Howard read \(\frac{1}{16}\) of a book each day until he finished two books.

\(\frac{1}{16}\) of book in one day

to finish this book 16 days will take to finish one book

for 2 books

Number of days did it take Howard to read both books, 2 x 16 = 32 days.

\(\frac{1}{16}\) ÷ 2 = \(\frac{1}{16 \times 2}\) = \(\frac{1}{32}\)

Therefore, Howard read his books for 32 days.

Question 2.

The school day is 7 hours long. If recess lasts \(\frac{1}{4}\) hour, what fraction of the school day does recess make up?

Recess is _______________ of a school day.

Answer:

Recess is \(\frac{1}{28}\) of a school day.

Explanation:

Given,

The school day is 7 hours long.

If recess lasts \(\frac{1}{4}\) hour,

The fraction of the school day does recess make up,

\(\frac{1}{4}\) ÷ 7 = \(\frac{1}{4 \times 7}\) = \(\frac{1}{28}\)

Question 3.

Janet has 8 ounces of coffee beans. If each cup of coffee requires \(\frac{1}{9}\) ounce of coffee beans, how many cups of coffee can Janet make?

Janet can make ____________ cups of coffee.

Answer:

Janet can make 72 cups of coffee.

Explanation:

Given that,

Janet has 8 ounces of coffee beans.

If each cup of coffee requires \(\frac{1}{9}\) ounce of coffee beans,

Total cups of coffee can Janet make,

8 ÷ \(\frac{1}{9}\) = 8 x 9 = 72

Therefore, Janet can make 72 cups of coffee.

Question 4.

A recipe for one dozen cookies requires \(\frac{1}{2}\) cup of flour. How much flour is needed for each cookie?

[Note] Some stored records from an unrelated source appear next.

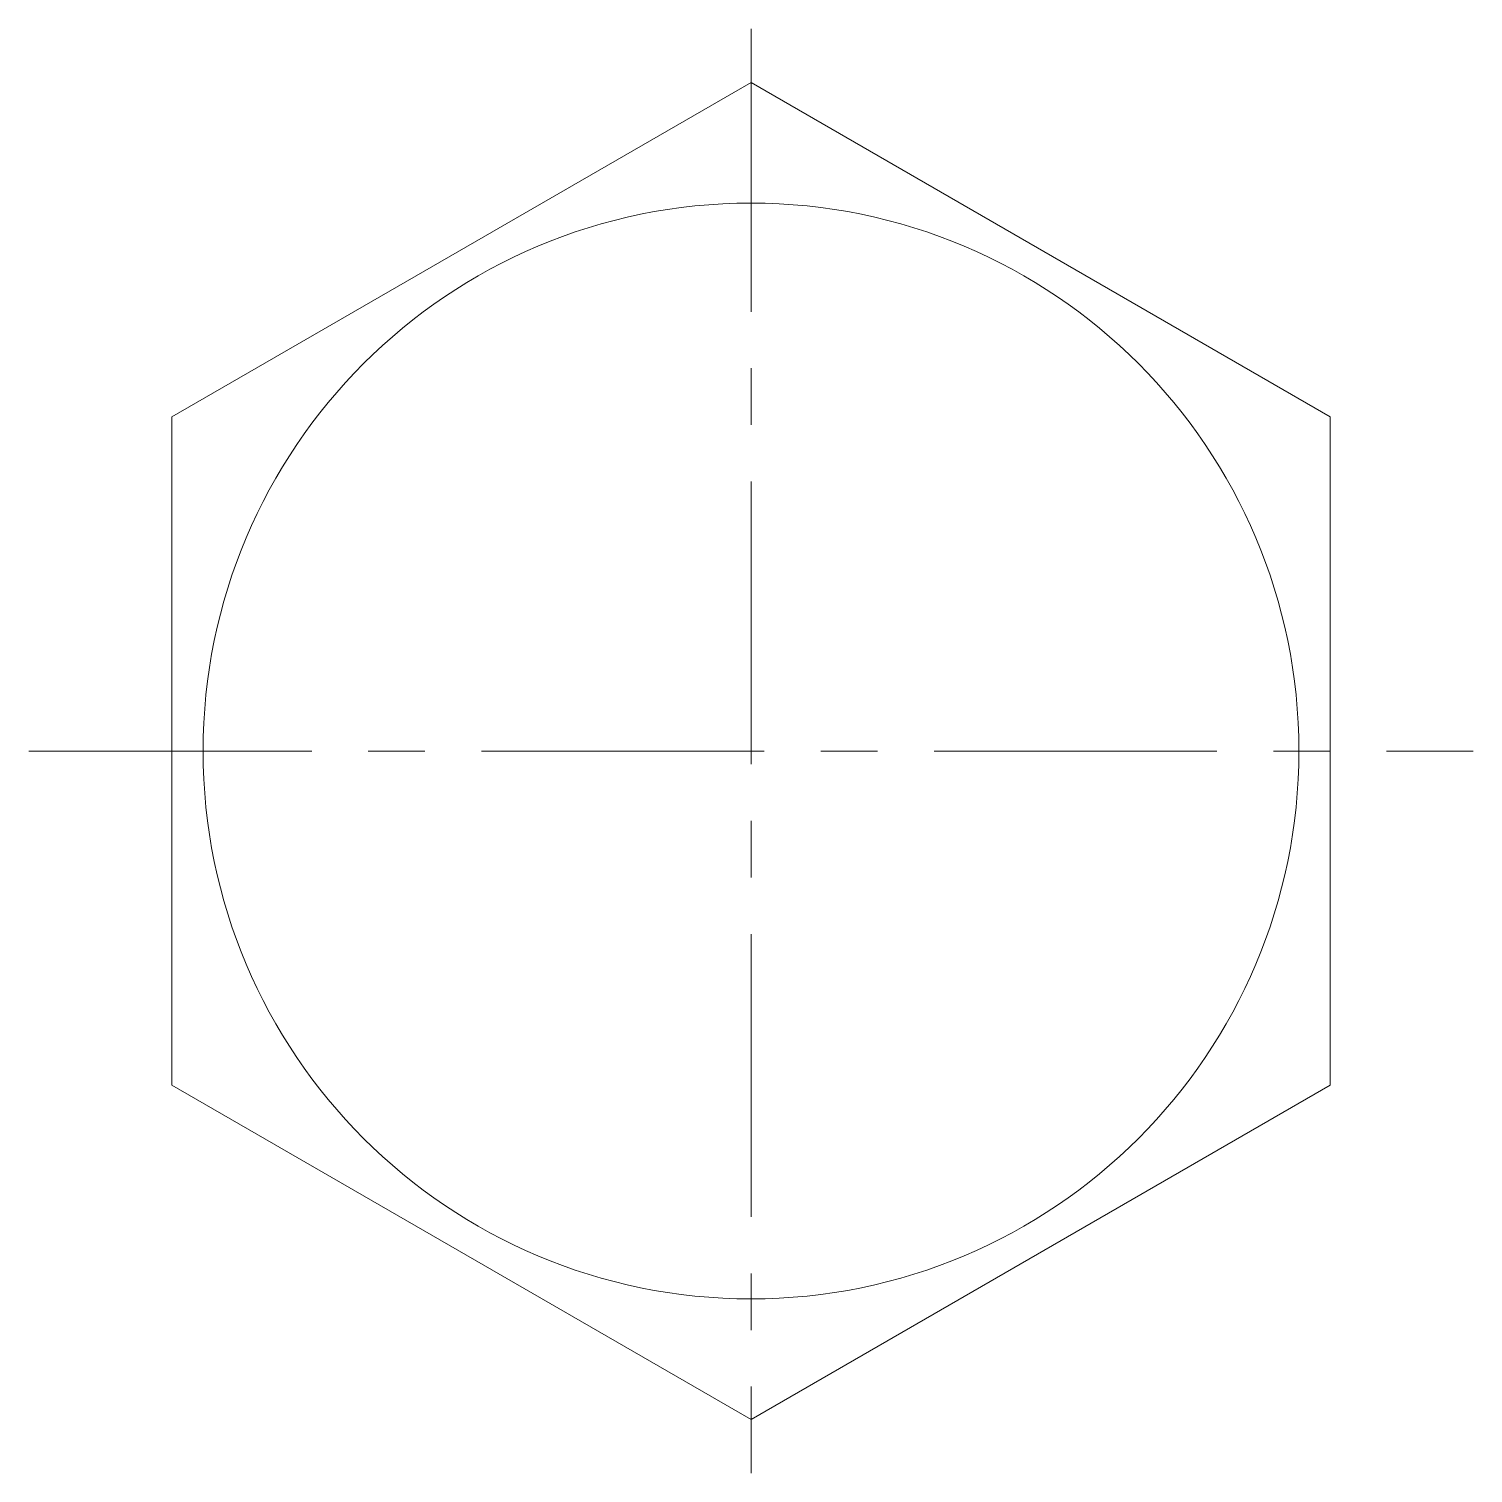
# Model space of a CAD drawing. Header units: millimetres. Extents: x -40.5 to 40.5, y -40.5 to 40.5.
import ezdxf

# ---------------------------------------------------------------- set-up
doc = ezdxf.new("R2010")
doc.units = ezdxf.units.MM
doc.header["$LTSCALE"] = 0.5
doc.linetypes.add('CENTER', pattern=[50.8, 31.75, -6.35, 6.35, -6.35])
doc.layers.get('0').update_dxf_attribs({"color": 9, "lineweight": 15})

msp = doc.modelspace()

# ---------------------------------------------------------------- linework, layer by layer
at = {"color": 1, "linetype": 'CENTER'}
for p, q in [((0, 40.528), (0, -40.528)), ((-40.528, 0), (40.528, 0))]:
    msp.add_line(p, q, dxfattribs=at)
at = {"ltscale": 0.5}
msp.add_lwpolyline([(-32.5, -18.764), (0, -37.528), (32.5, -18.764), (32.5, 18.764), (0, 37.528), (-32.5, 18.764)], close=True, dxfattribs=at)
msp.add_circle((0, 0), 30.75, dxfattribs=at)

doc.saveas('drawing.dxf')

Each cookie requires _____________ cup of flour.

Answer:

Each cookie requires \(\frac{1}{24}\) cup of flour.

Explanation:

Given that,

A recipe for one dozen cookies requires \(\frac{1}{2}\) cup of flour.

Total flour is needed for each cookie,

\(\frac{1}{2}\) ÷ 12 = \(\frac{1}{2 \times 12}\) = \(\frac{1}{24}\)

Question 5.

Keith has 7 yards of string. He needs \(\frac{1}{3}\) yard of string for each of his puppets. How many puppets can Keith make with his string?

Keith can make ____________ puppets.

Answer:

Keith can make 21 puppets.

Explanation:

Given that,

Keith has 7 yards of string.

He needs \(\frac{1}{3}\) yard of string for each of his puppets.

Number of puppets can Keith make with his string,

7 ÷ \(\frac{1}{3}\) = 7 x 3 = 21 puppets.

Question 6.

Mr. Garcia worked 4 hours on Wednesday. He took a quick break every \(\frac{1}{2}\) hour. How many breaks did Mr. Garcia take?

Mr. Garcia took ____________ breaks on Wednesday.

Answer:

Mr. Garcia took 8 breaks on Wednesday.

Explanation:

Given that,

Mr. Garcia worked 4 hours on Wednesday.

He took a quick break every \(\frac{1}{2}\) hour.

Number of breaks did Mr. Garcia take,

4 ÷ \(\frac{1}{2}\) = 4 x 2 = 8 breaks.